Il y a un côté mystique dans vos propos. Est-ce le destin qui guide votre carrière, vos choix ?
Je me laisse porter par la vie. Ce qui compte, c’est la façon de vivre les événements. Aussi longtemps que je serai portée par un mouvement collectif, il y aura beaucoup d’énergie en moi.
Est-ce suffisant pour envisager de devenir présidente ?
Pourquoi n’aurais-je pas cette capacité ? J’ai travaillé pendant huit ans dans un hôpital psychiatrique, j’ai été juge pendant 20 ans, conseillère de gouvernements, j’ai travaillé avec des chefs d’états, avec la banque mondiale, j’ai mis en place des institutions internationales. J’ai une expérience du monde qui fait qu’en terme de formation, d’éducation, de richesse de vie, je me sens capable.
En terme d’expérience politique, vous êtes une novice. Vous n’êtes élue que depuis les européennes de 2009.
Pour moi, la culture politique c’est la connaissance du monde. Pour une élection présidentielle, il s’agit surtout de la connaissance de son pays et de ses problèmes. Je vis en France depuis 40 ans et je vais compléter ma culture politique en travaillant dur. Ce sera plus facile pour moi d’aller à la rencontre des gens dans leurs usines et de comprendre leurs problèmes puisque je n’ai fait que ça durant toute ma vie. À l’hôpital psychiatrique comme conseillère juridique, j’écoutais les gens, je leur trouvais des solutions. J’ai travaillé dans la restructuration industrielle au CIRI (Comité Interministériel de Restructuration Industrielle) pendant trois ans. Je prétends donc que j’ai une expérience exceptionnelle de la vie. Je connais les misères des français. Je ne comprends pas que l’on mette en doute mes compétences. Pourquoi mon expérience ne vaudrait-elle pas celle d’un politique qui a fait carrière à coups d’intrigues, qui a commencé à 18 ans et dont la seule nourriture a été la connaissance de l’appareil politique ? Bien sûr, il y a des hommes politiques remarquables mais la société civile m’a permis de créer dans ma tête les catégories pour que je puisse vite apprendre.
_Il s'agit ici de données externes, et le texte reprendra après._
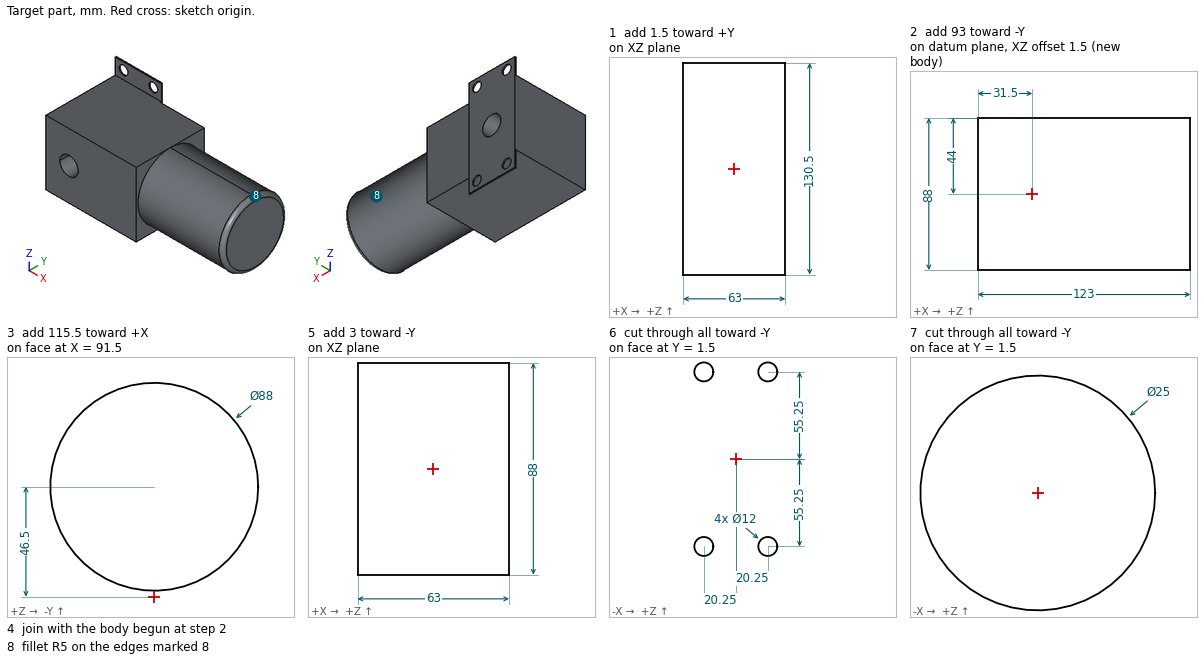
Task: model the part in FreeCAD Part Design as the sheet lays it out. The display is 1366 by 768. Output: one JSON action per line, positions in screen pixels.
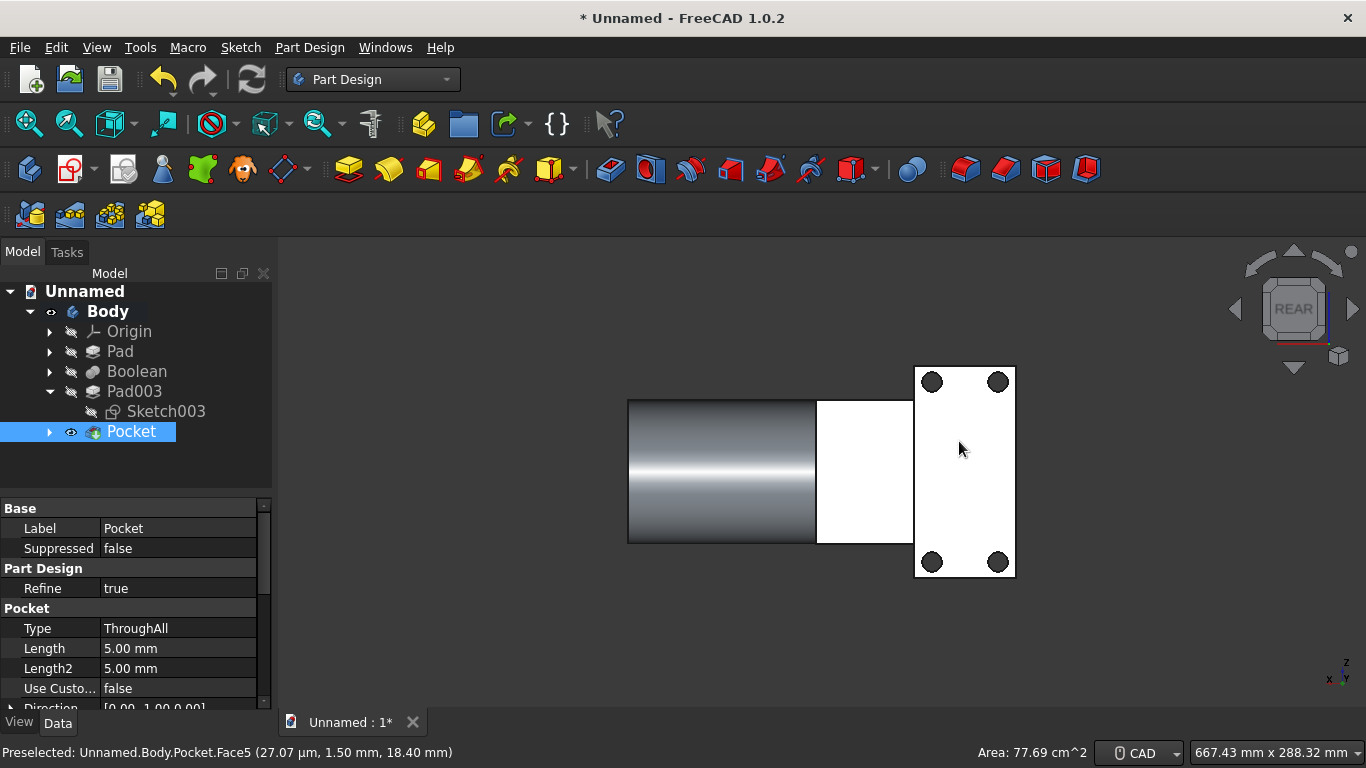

Vous pourriez candidater au pouvoir suprême. Aimez-vous le pouvoir ?
Je l’ai exercé et il est indispensable. Nous avons peur de dire que l’on aime le pouvoir mais en tant que magistrat j’en ai eu. Vous devez dire qui est coupable, qui ne l’est pas. Cette responsabilité est énorme. Le pouvoir, c’est la possibilité d’agir sur le réel.